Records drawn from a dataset
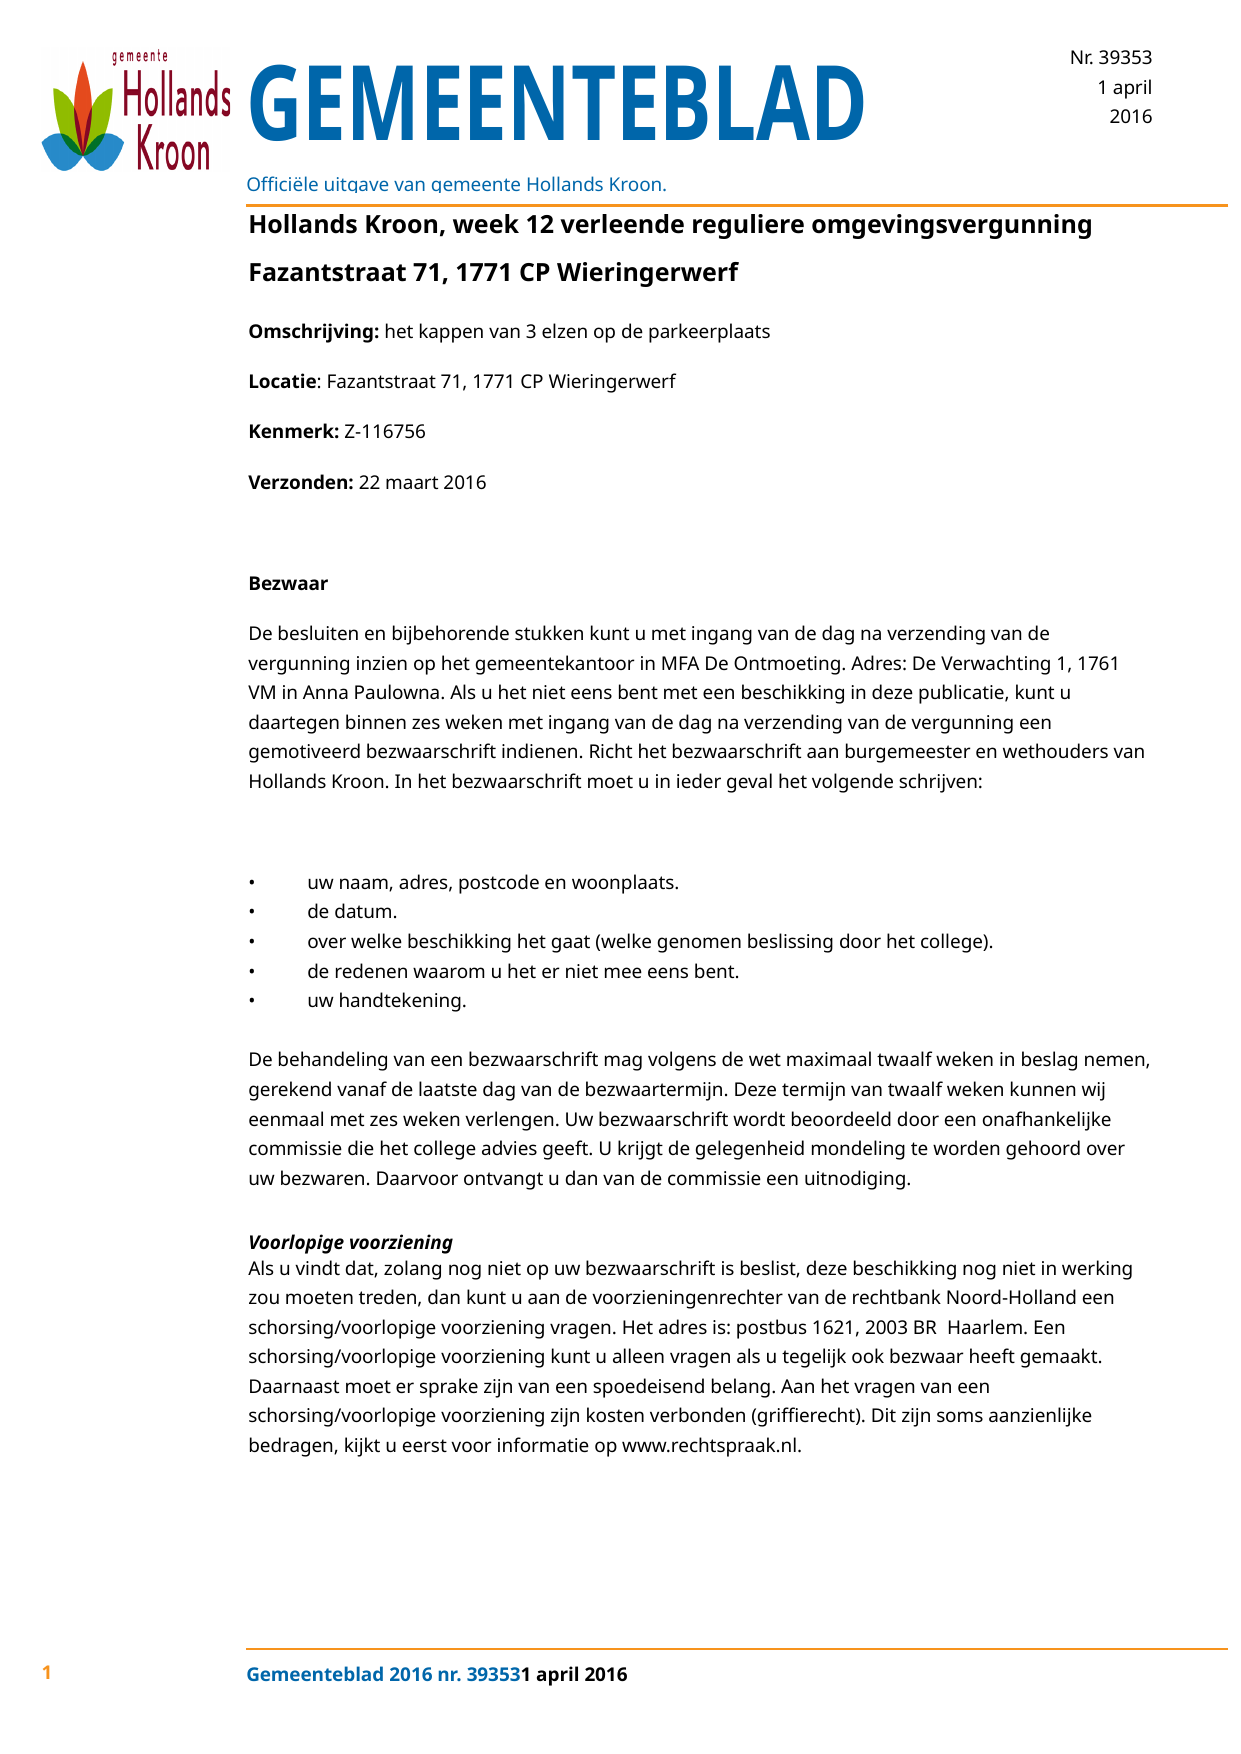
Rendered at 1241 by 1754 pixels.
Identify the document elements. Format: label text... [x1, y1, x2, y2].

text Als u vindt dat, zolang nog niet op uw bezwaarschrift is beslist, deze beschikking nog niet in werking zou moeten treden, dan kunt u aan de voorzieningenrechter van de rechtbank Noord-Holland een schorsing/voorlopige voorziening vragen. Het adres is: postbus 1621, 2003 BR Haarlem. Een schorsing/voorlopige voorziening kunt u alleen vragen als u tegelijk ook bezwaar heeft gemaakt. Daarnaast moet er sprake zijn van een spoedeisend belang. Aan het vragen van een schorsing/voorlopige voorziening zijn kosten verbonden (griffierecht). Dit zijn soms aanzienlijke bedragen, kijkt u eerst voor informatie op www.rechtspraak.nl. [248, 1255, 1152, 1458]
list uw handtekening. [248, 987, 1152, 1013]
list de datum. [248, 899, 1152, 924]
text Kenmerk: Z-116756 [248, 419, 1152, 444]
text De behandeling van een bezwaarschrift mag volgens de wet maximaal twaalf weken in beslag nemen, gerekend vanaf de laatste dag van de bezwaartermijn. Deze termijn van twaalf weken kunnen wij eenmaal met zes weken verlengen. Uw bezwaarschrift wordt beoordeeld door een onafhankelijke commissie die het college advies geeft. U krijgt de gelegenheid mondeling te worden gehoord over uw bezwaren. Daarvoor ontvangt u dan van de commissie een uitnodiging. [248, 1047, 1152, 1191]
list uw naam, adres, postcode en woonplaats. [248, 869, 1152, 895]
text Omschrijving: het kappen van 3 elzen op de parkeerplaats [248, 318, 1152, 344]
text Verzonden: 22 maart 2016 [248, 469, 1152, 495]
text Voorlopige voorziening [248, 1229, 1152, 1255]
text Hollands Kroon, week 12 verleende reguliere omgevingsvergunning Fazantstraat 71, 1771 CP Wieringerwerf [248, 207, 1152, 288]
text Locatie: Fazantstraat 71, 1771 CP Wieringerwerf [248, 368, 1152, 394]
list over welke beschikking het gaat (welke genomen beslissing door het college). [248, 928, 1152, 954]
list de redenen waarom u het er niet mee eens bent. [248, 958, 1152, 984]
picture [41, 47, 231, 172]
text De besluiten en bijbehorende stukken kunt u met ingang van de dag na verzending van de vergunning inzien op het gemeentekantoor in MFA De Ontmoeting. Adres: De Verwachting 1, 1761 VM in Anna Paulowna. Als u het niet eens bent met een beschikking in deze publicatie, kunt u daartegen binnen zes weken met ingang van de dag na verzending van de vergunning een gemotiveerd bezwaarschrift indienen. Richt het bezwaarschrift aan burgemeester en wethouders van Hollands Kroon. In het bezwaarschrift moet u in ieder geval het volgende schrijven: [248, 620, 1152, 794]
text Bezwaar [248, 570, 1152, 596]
---
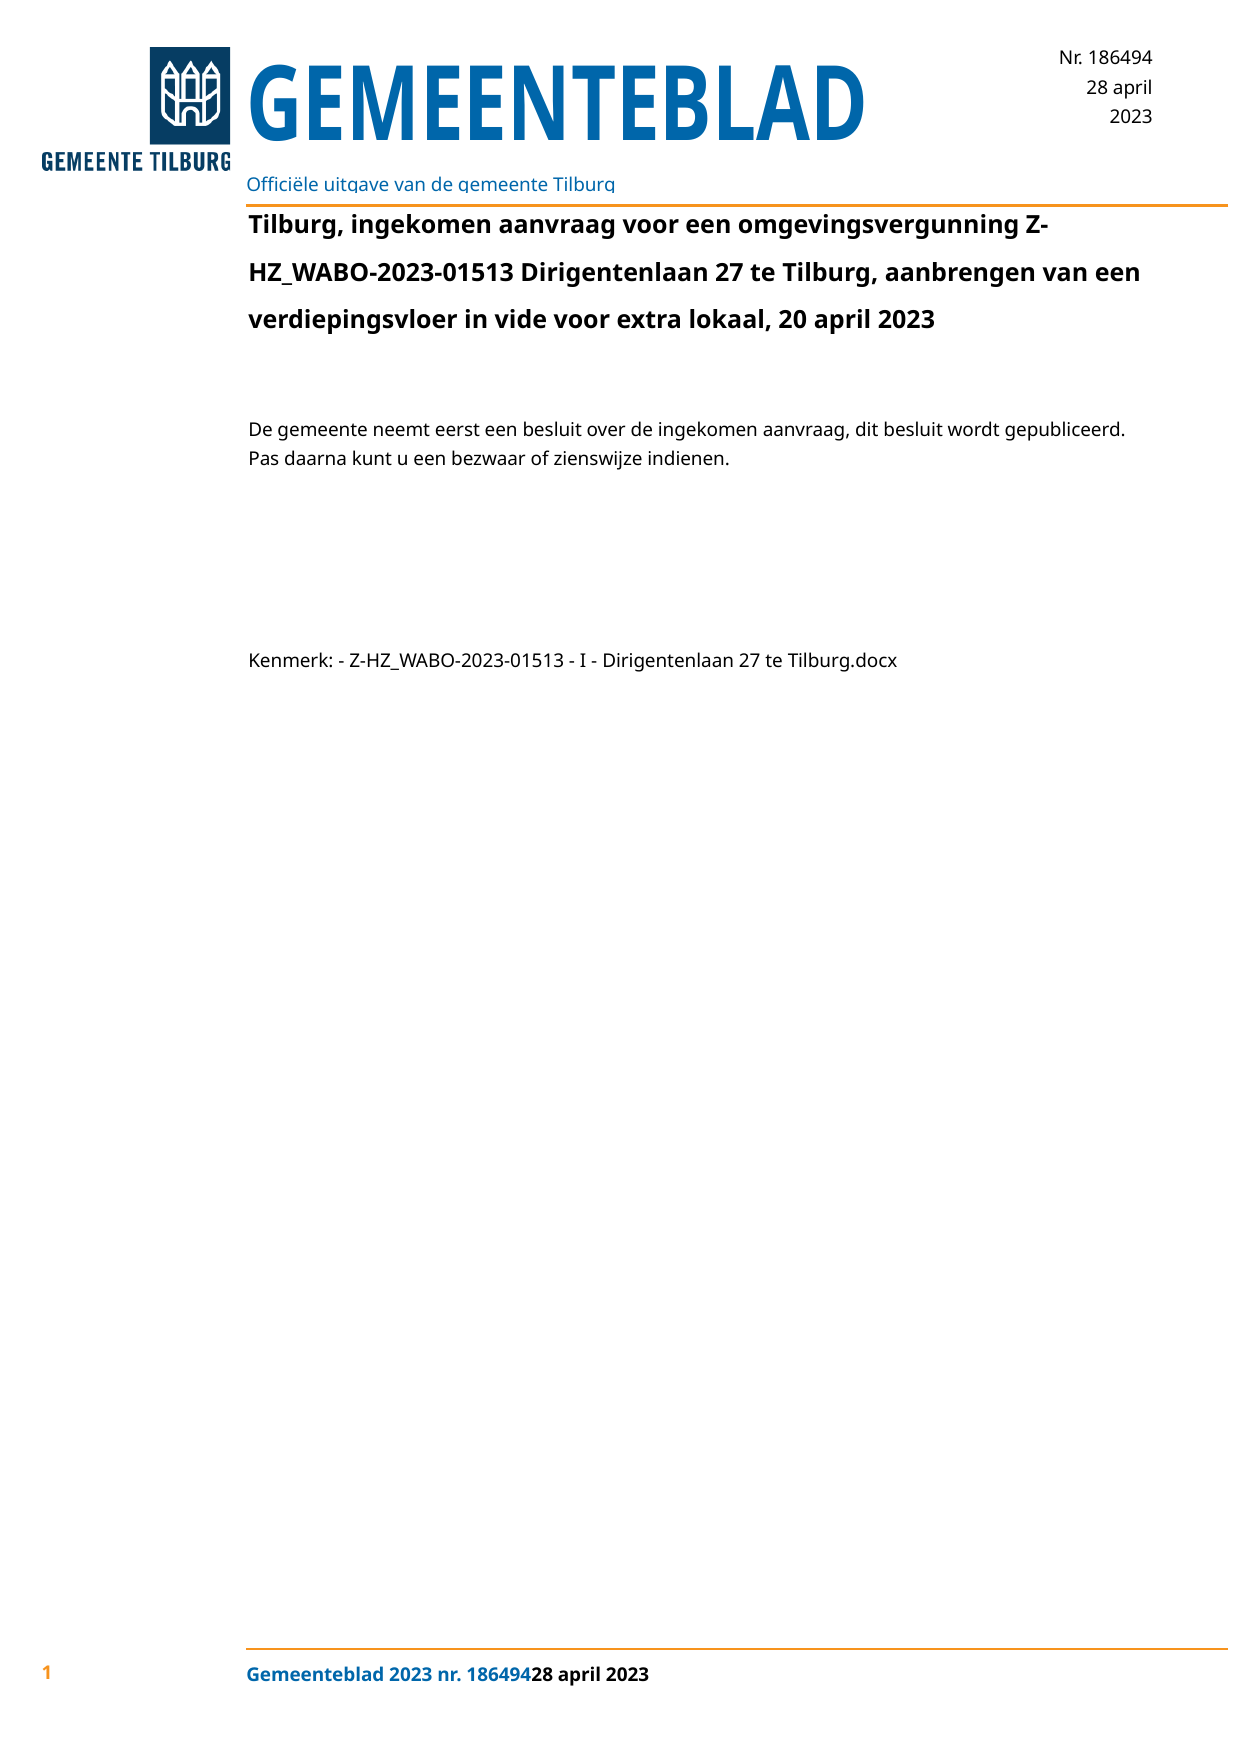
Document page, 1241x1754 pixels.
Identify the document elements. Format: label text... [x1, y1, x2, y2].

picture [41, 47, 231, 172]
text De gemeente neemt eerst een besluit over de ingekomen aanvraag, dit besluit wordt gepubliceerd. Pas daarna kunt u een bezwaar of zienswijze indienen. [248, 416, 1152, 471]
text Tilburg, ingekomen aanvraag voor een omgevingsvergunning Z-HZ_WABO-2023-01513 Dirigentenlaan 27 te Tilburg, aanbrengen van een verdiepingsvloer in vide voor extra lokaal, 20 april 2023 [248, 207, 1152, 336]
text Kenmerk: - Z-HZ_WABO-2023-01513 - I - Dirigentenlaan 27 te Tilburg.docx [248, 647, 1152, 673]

— Your instructions —
Show all lines in the entries above where the word "pixels" appears.

— Reply to the exercise —
Rendered at 1241 by 1754 pixels.
Document page, 1241x1754 pixels.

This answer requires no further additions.